Alors que l’on annonce, pour la troisième semaine de septembre, une reprise des négociations au Caire entre l’Autorité palestinienne et le gouvernement israélien, la « communauté internationale » semble incapable de fixer une direction pour atteindre une paix durable. D’autant que les États-Unis, occupés par l’État islamique, ligotés par leurs relations avec Israël, paraissent eux-mêmes paralysés.

La troisième opération militaire israélienne en six ans contre Gaza s’est achevée le 26 août dernier. Avant qu’un cessez-le-feu soit accepté par les belligérants, sous l’égide de l’Égypte, environ 2150 Palestiniens dont 578 enfants et 263 femmes avaient été tués. Les deux tiers des victimes n’étaient pas des combattants. 11 100 Palestiniens dont un tiers d’enfants ont été blessés. Soixante-six Israéliens ont été tués dont deux civils1. Dans Gaza, les conséquences des destructions de bâtiments privés et d’infrastructures publiques sont trois fois plus importantes que celles constatées à l’issue de l’opération militaire israélienne de 2008-2009.
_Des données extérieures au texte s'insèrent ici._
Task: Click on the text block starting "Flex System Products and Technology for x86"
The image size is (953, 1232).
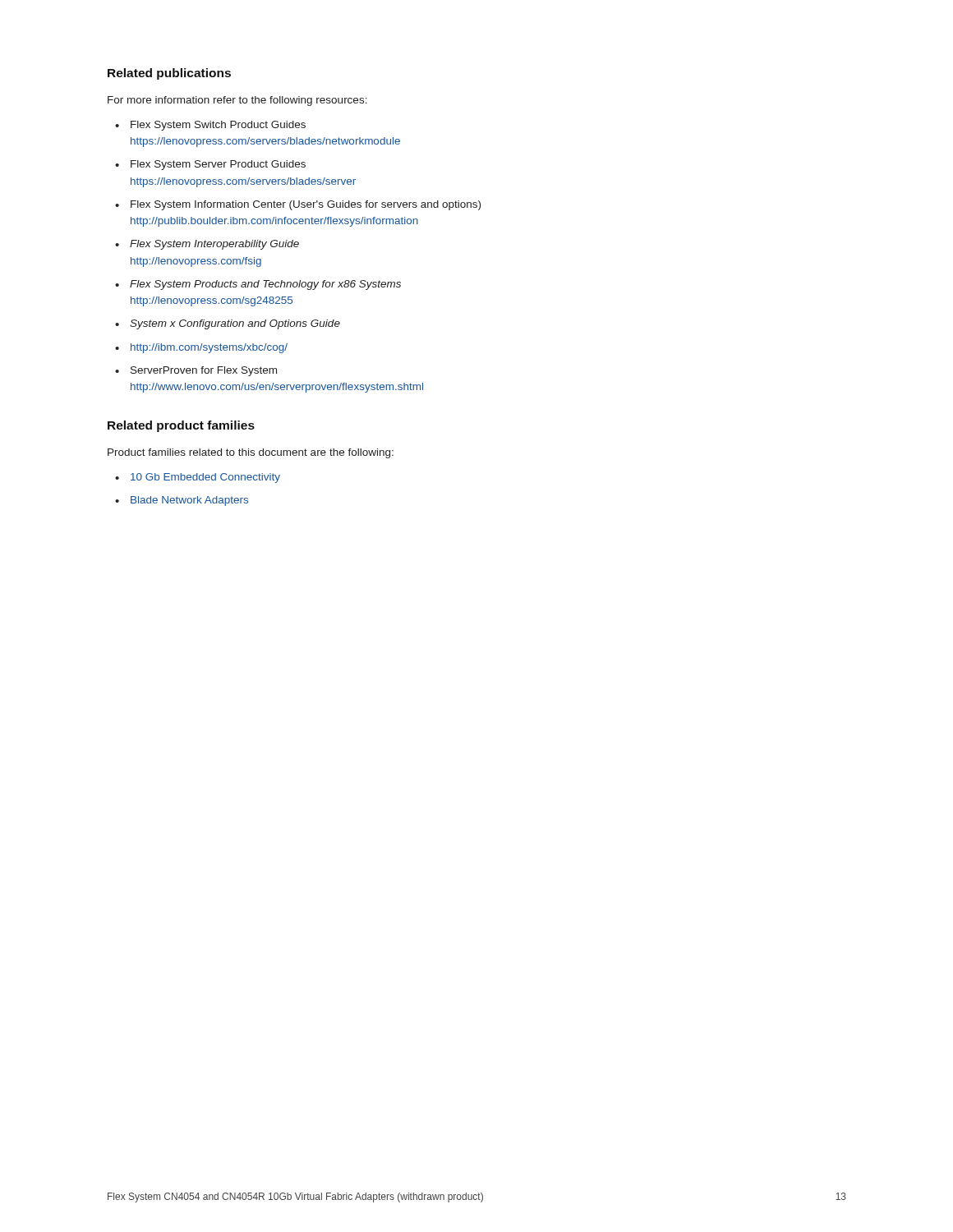Action: point(266,292)

La communauté internationale s’attache désormais à consolider le cessez-le-feu et à trouver les moyens de reconstruire ce qui a été détruit. Dans la perspective de l’Assemblée générale des Nations unies (dernière semaine de septembre), un projet de résolution au Conseil de sécurité des Nations unies est en cours de rédaction. D’autres mesures diplomatiques sont envisagées. L’administration américaine est aux commandes, mais sa tâche est compliquée. Le dossier palestinien a épuisé ses bonnes volontés et son imagination. Nombreux sont ses partenaires et alliés qui ne partagent pas ses choix politiques, ni sur ce dossier ni sur d’autres concernant la région.

Du déjà vu

C’est donc sans enthousiasme que les diplomaties nationales se penchent actuellement aux Nations unies sur le dossier de l’après-Gaza. La panoplie de leurs possibilités est classique : une résolution au Conseil de sécurité, la possible réactivation du Quartet2 et l’organisation d’une conférence des donateurs internationaux pour la reconstruction de Gaza sont des instruments traditionnels.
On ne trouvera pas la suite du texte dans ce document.